Start of Record extracts

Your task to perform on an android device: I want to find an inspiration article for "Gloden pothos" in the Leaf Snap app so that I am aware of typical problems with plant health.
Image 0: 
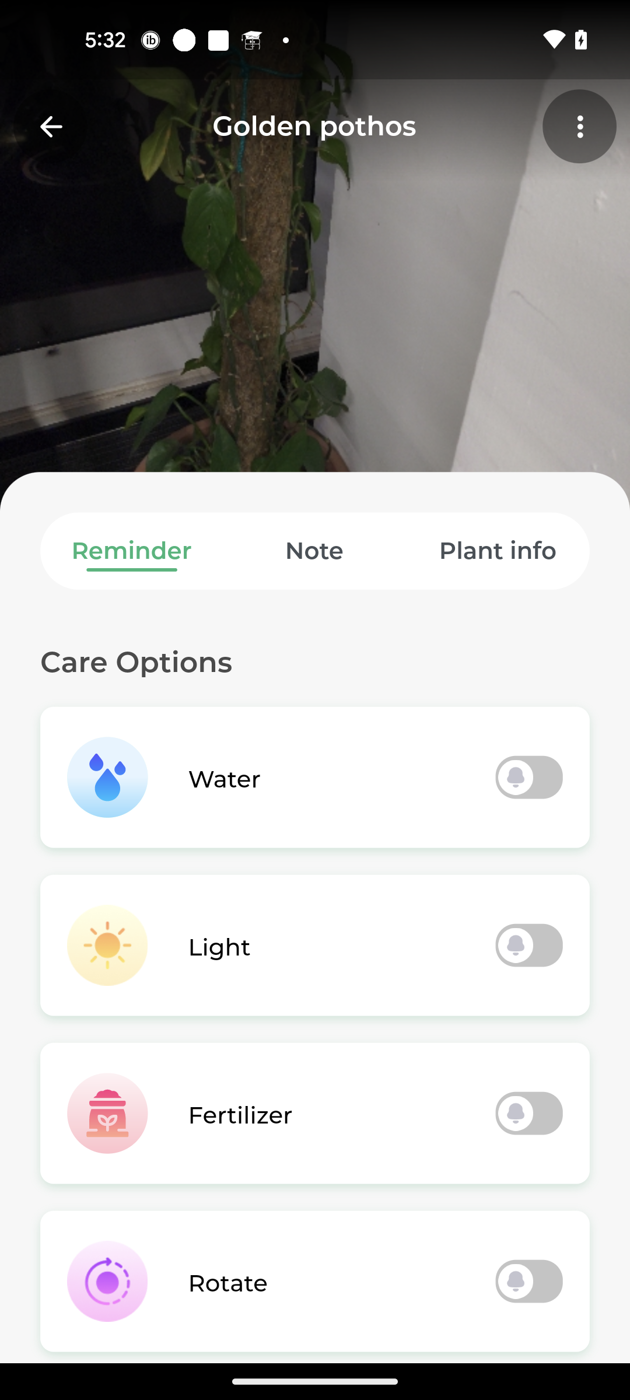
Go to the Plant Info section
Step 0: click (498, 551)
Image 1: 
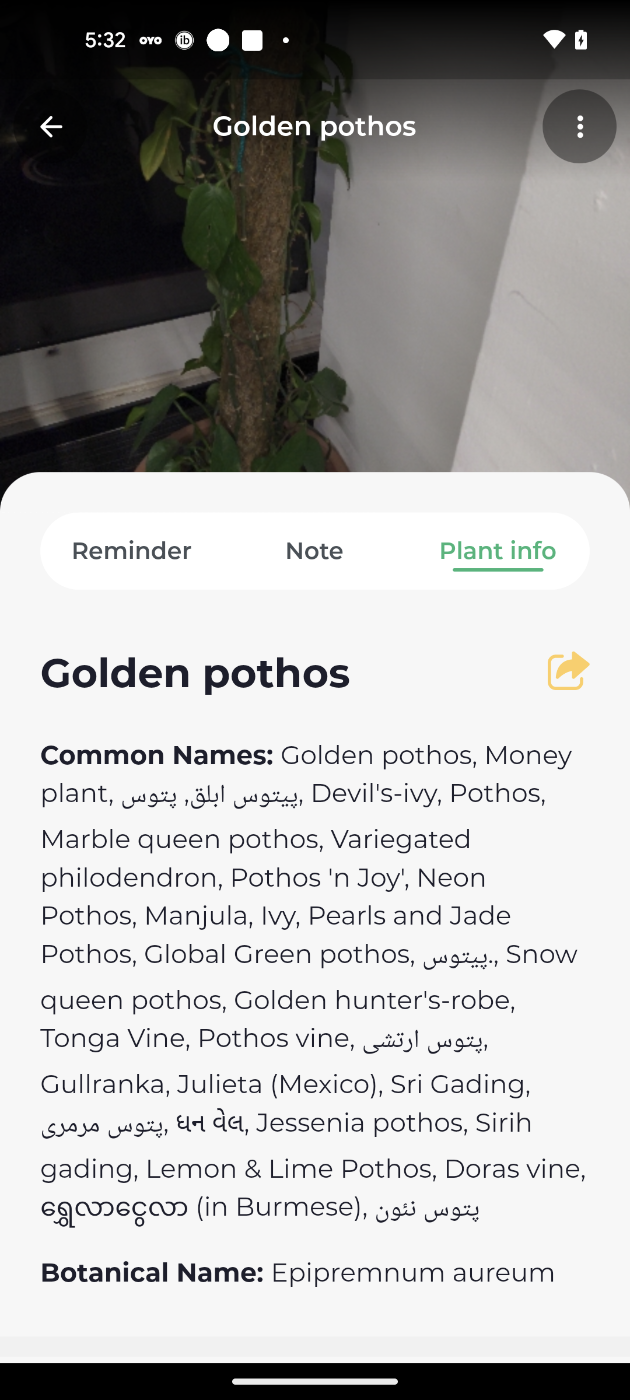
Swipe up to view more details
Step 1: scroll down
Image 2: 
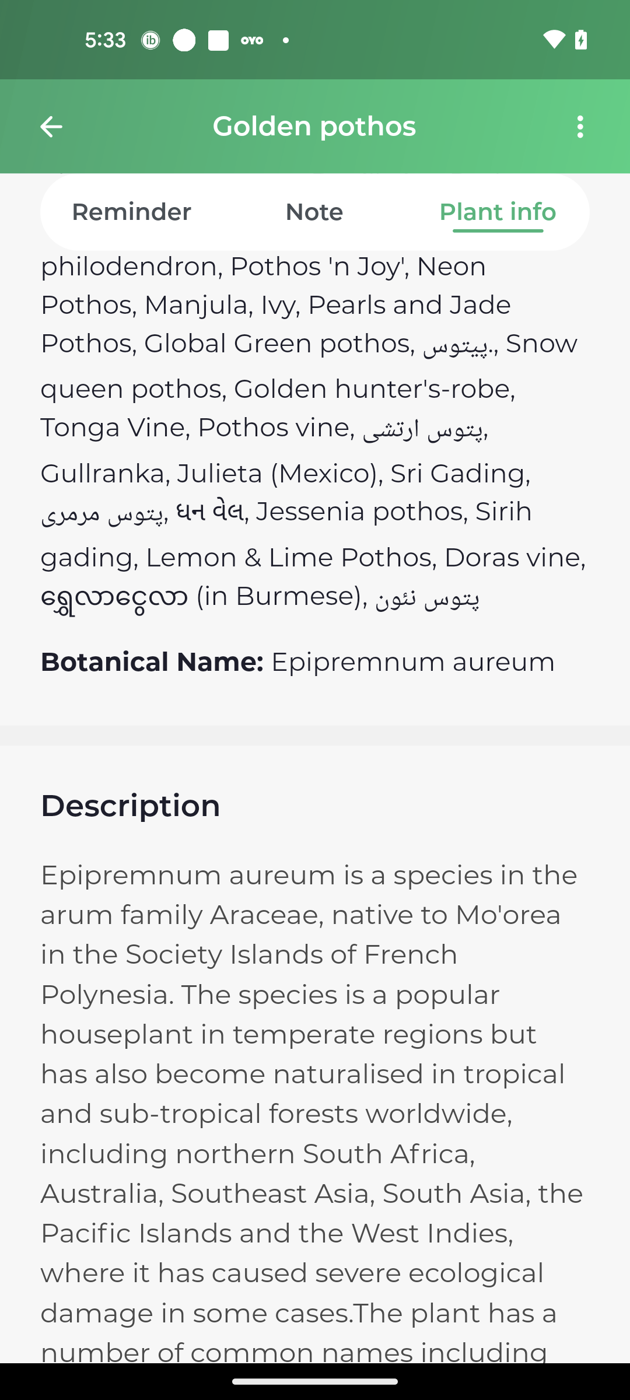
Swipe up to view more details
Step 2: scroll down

End of Record extracts
Start of Record extracts

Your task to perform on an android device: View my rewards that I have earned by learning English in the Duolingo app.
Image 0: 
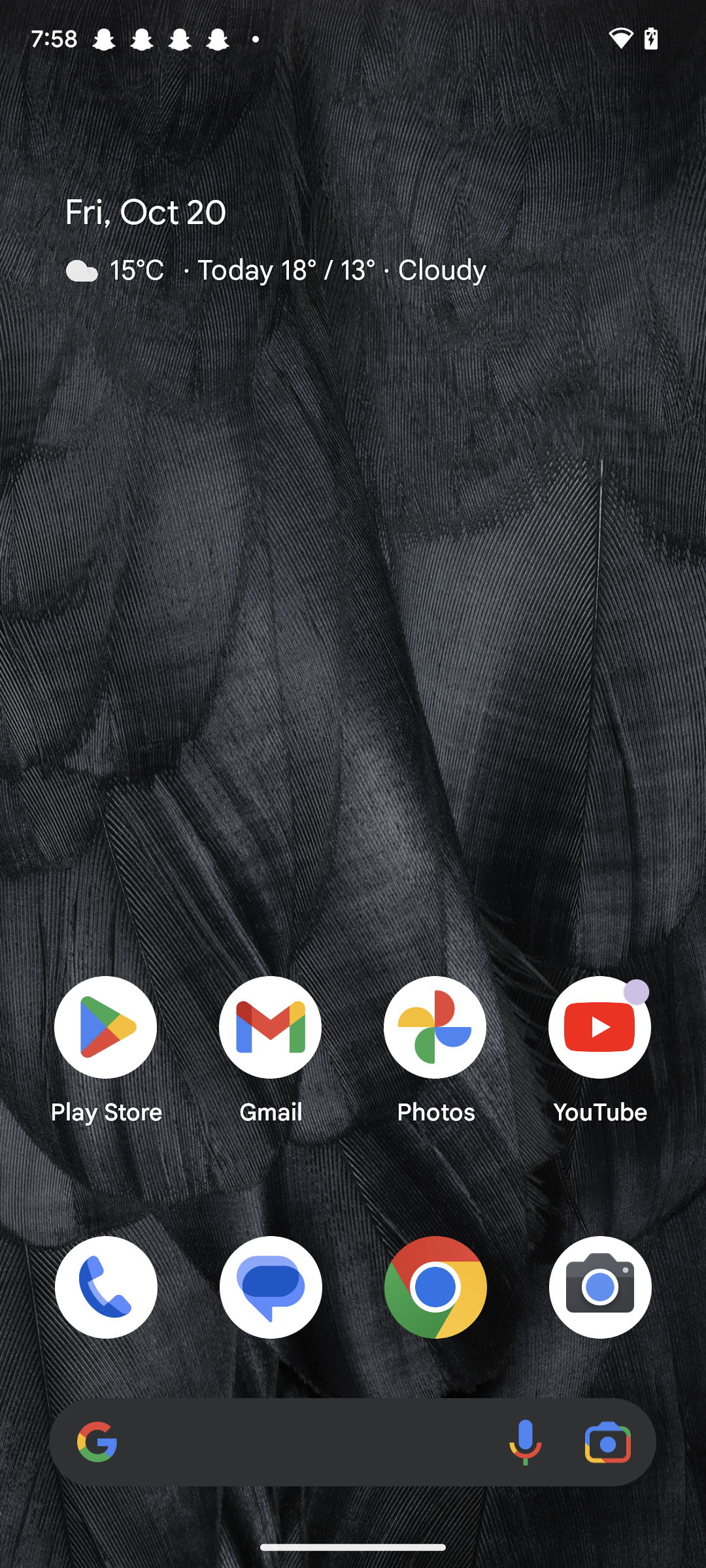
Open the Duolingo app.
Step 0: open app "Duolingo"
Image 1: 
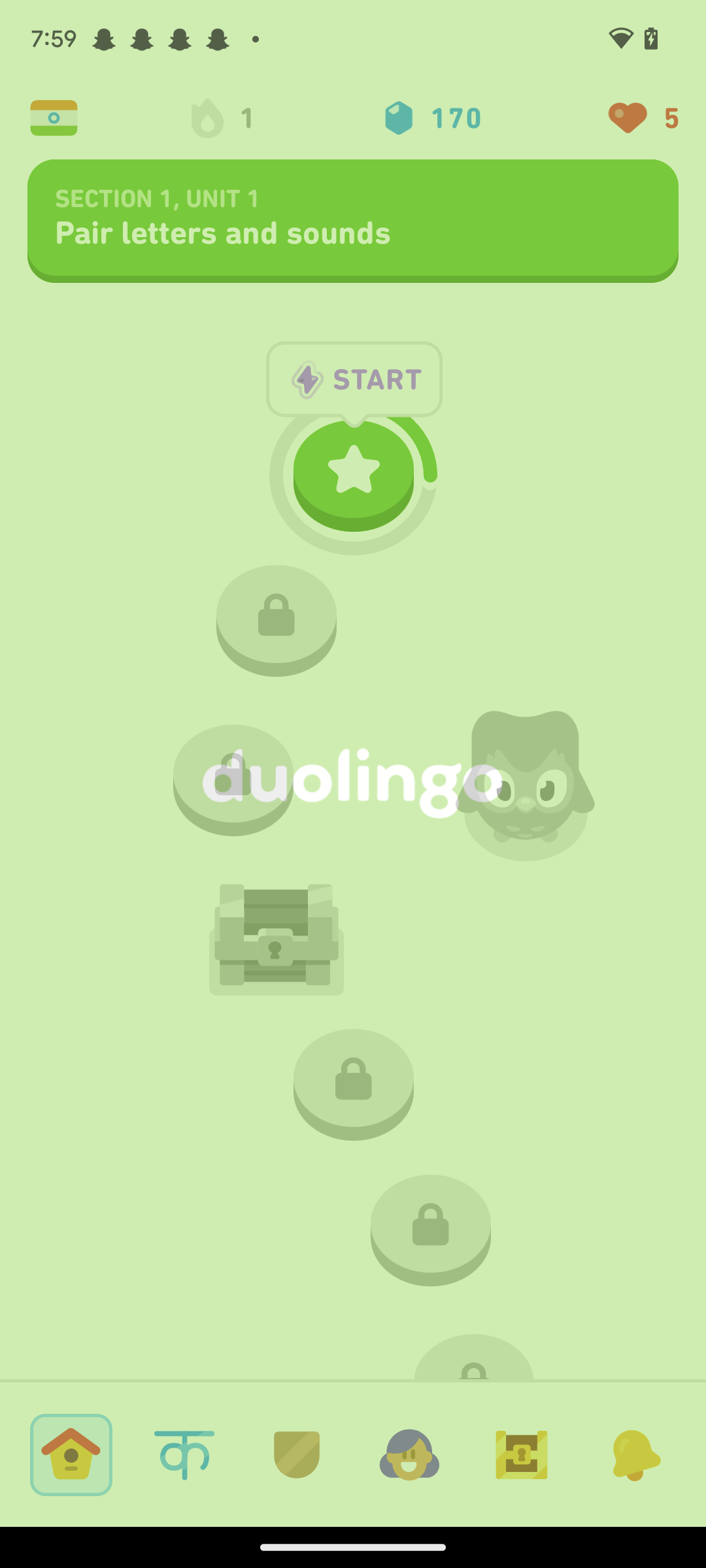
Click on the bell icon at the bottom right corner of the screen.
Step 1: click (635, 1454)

End of Record extracts
Start of Record extracts

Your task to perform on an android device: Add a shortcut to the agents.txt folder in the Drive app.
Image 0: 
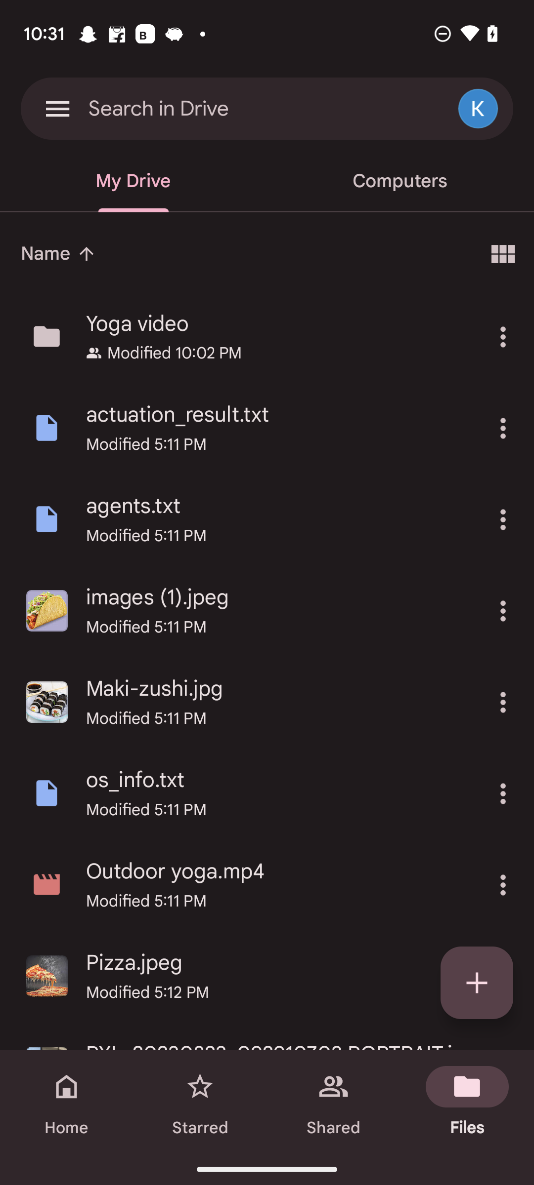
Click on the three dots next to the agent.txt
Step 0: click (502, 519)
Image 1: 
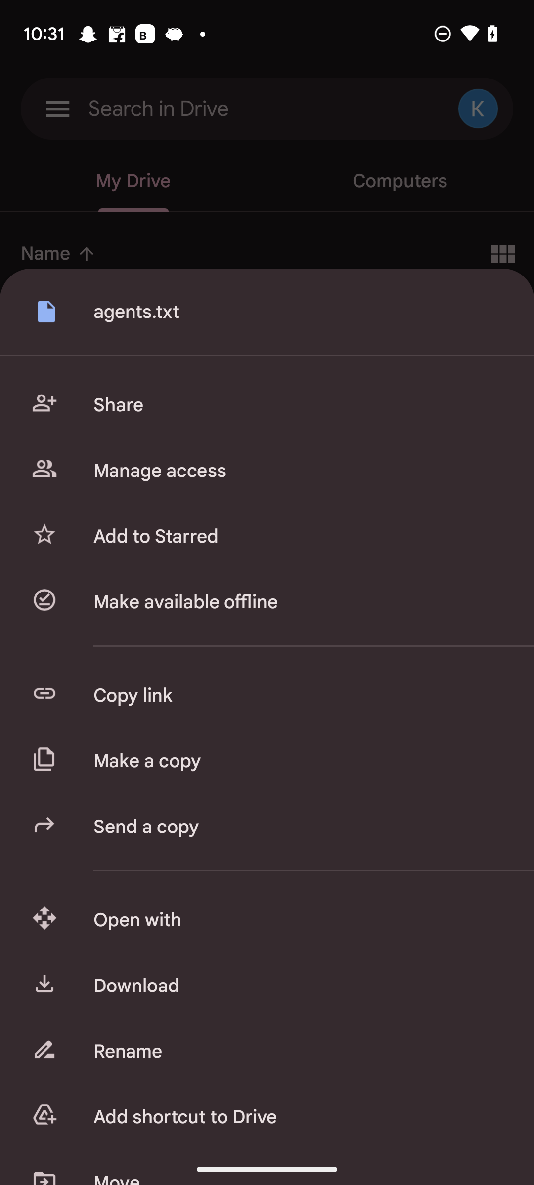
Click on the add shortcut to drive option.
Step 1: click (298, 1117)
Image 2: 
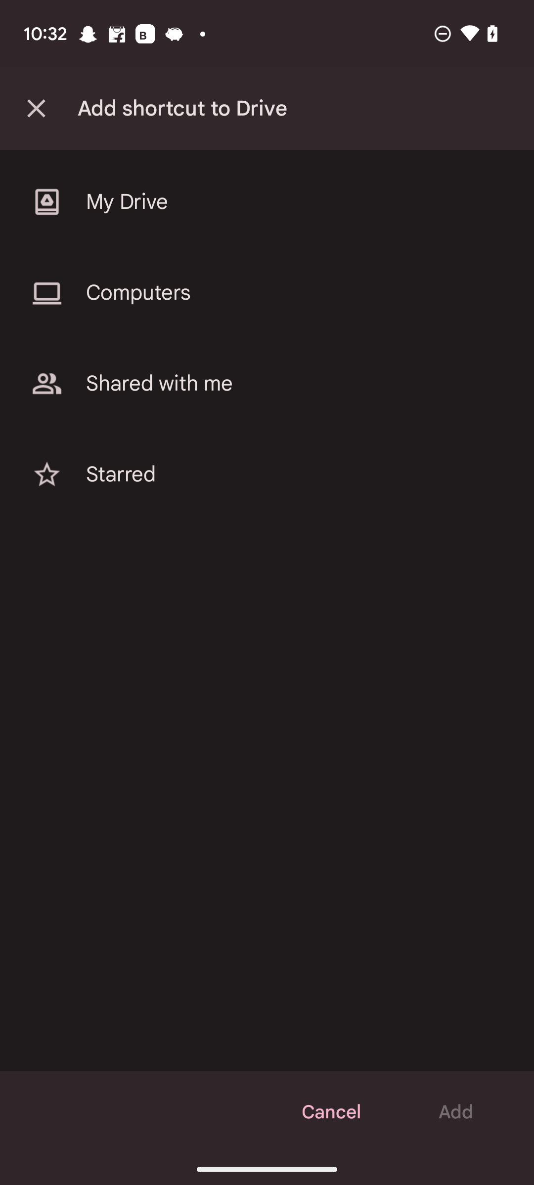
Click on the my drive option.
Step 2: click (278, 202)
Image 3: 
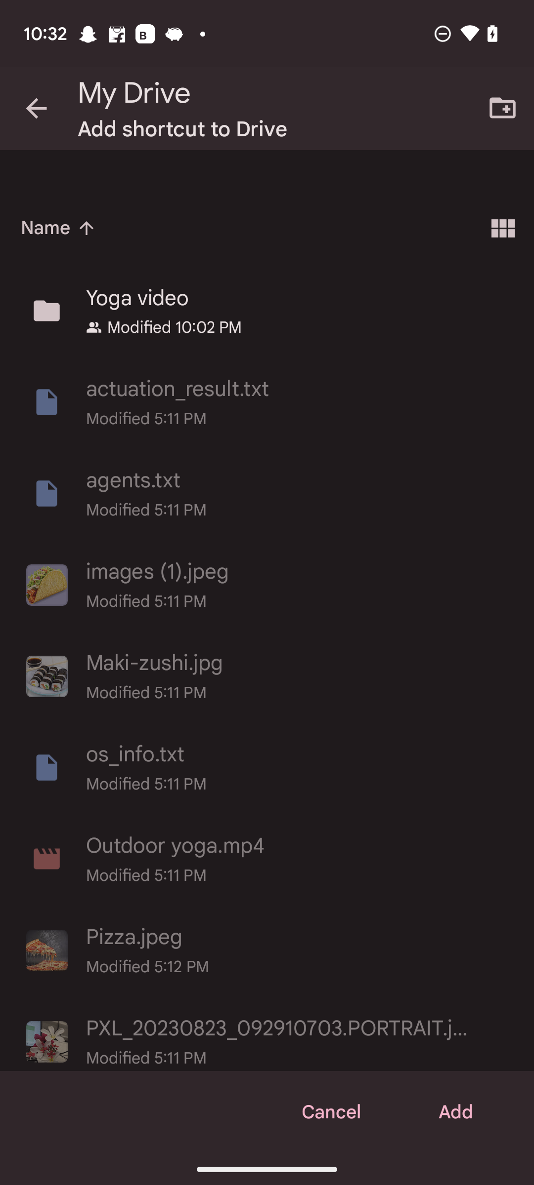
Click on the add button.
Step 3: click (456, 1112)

End of Record extracts

Work order: Output each line of the listing above that has "Step".

Solution to the exercise:
Step 0: click (498, 551)
Step 1: scroll down
Step 2: scroll down
Step 0: open app "Duolingo"
Step 1: click (635, 1454)
Step 0: click (502, 519)
Step 1: click (298, 1117)
Step 2: click (278, 202)
Step 3: click (456, 1112)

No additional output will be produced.